The lost words
Blessing
It invites you to enter the world, with care, my love, and speak the things you see.
The song>, and whole book, conjures back lost words Enjoy, seek, find and speak to enchant our words back into our mouth and the mind’s eye 🎄.
The lost words: Blessing
Enter the wild with care, my love
And speak the things you see
Let new names take and root and thrive and grow
And even as you travel far from heather, crag and river
May you like the little fisher, set the stream alight with glitter
May you enter now as otter without falter into water
Look to the sky with care, my love
And speak the things you see
Let new names take and root and thrive and grow
And even as you journey on past dying stars exploding
Like the gilded one in flight, leave your little gifts of light
And in the dead of night my darling, find the gleaming eye of starling
Like the little aviator, sing your heart to all dark matter
Walk through the world with care, my love
And sing the things you see
Let new names take and root and thrive and grow
And even as you stumble through machair sands eroding
Let the fern unfurl your grieving, let the heron still your breathing
Let the selkie swim you deeper, oh my little silver-seeker
Even as the hour grows bleaker, be the singer and the speaker
And in city and in forest, let the larks become your chorus
And when every hope is gone, let the raven call you home
Resources
Links and posts
This song, the lost words blessing, draws from a book of the same name: The Lost Words by Robert McFarlane and Jackie Morris. The book itself is stunning (buy via The Marginalian’s affiliate link here>).
Part of The Lost Words story is expansively told by Maria Popova:
In early 2015, when the 10,000-entry Oxford children’s dictionary dropped around fifty words related to nature — words like fern, willow, and starling — in favor of terms like broadband and cut and paste, some of the world’s most prominent authors composed an open letter of protest and alarm at this impoverishment of children’s vocabulary and its consequent diminishment of children’s belonging to and with the natural world. Among them was one of the great nature writers of our time: Robert Macfarlane — a rare descendent from the lyrical tradition of Rachel Carson and Henry Beston, and the visionary who rediscovered and brought to life the stunning forgotten writings of the Scottish mountaineer and poet Nan Shepherd.
She continues:
Troubled by this loss of vital and vitalizing language, MacFarlane teamed up with illustrator and children’s book author Jackie Morris, who had reached out to him to write an introduction for a sort of “wild dictionary” she wanted to create as a counterpoint to Oxford’s erasure. Instead, Macfarlane envisioned something greater. The Lost Words: A Spell Book (public library) was born — an uncommonly wondrous and beguiling act of resistance to the severance of our relationship with the rest of nature, a rerooting into this living world in which, in the words of the great naturalist John Muir, “when we try to pick out anything by itself, we find it hitched to everything else in the universe,” just as each word is hitched to all words and to the entire web of being.

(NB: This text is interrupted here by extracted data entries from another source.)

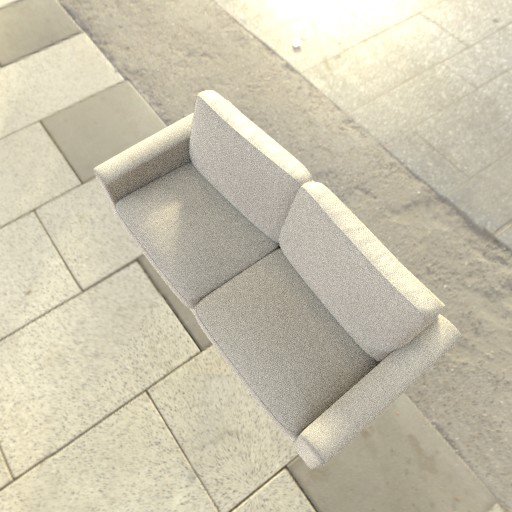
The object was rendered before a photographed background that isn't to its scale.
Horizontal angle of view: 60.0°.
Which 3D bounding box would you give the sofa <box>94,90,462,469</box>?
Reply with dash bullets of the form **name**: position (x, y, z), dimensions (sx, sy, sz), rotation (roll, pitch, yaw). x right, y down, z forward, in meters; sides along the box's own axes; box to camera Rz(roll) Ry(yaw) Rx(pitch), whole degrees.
- **sofa**: position (0.000, 0.000, 2.651), dimensions (1.016, 0.873, 2.179), rotation (-35, 67, -17)
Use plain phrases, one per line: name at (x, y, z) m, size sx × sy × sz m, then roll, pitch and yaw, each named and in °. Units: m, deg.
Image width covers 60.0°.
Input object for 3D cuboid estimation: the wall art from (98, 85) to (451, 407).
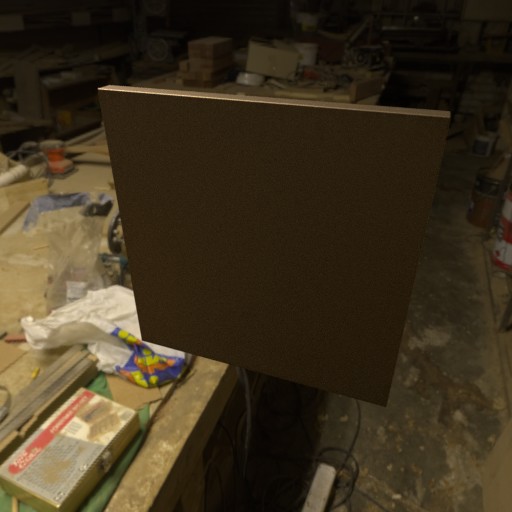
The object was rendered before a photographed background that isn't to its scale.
wall art at (0.000, 0.000, 0.742) m, size 0.503 × 0.506 × 0.030 m, roll 11°, pitch 33°, yaw 17°
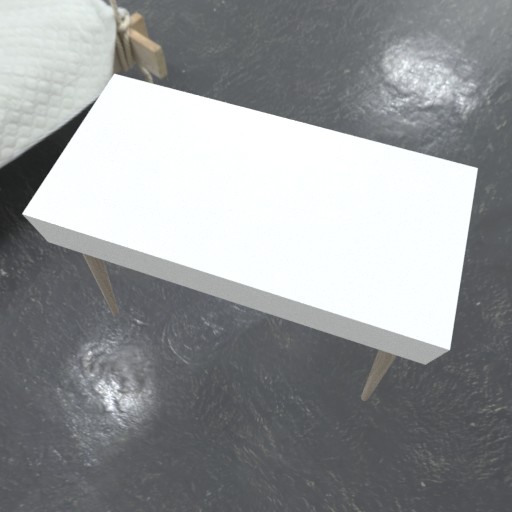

See Maria Popova’s whole post here>
For more on Benevolution, my favorite sp/ns, simple please not simplistic, videos this year include:
- Irreverent reverence here>
- 9500 years old: mindboggling here>
- Anouk Brack: Leadership embodiment for flow and ease here>
- Diversity-power: Lynette Thorstensen and Sushant Shrestha on the power of diversity here>
- Barrett Brown on Communicating sustainability here>
A visual index of simple please not simplistic videos is here>
Photos, except Lost Words book illustrations, by Festina Lentívaldi, (be) Benevolution. Reuse: Creative Commons BY-NC 3.0 US.
fern
Fern’s first form is furled,
Each frond fast as a fiddle-head.
Reach, roll and unfold follows.
Fern flares.
Now fern is fully fanned.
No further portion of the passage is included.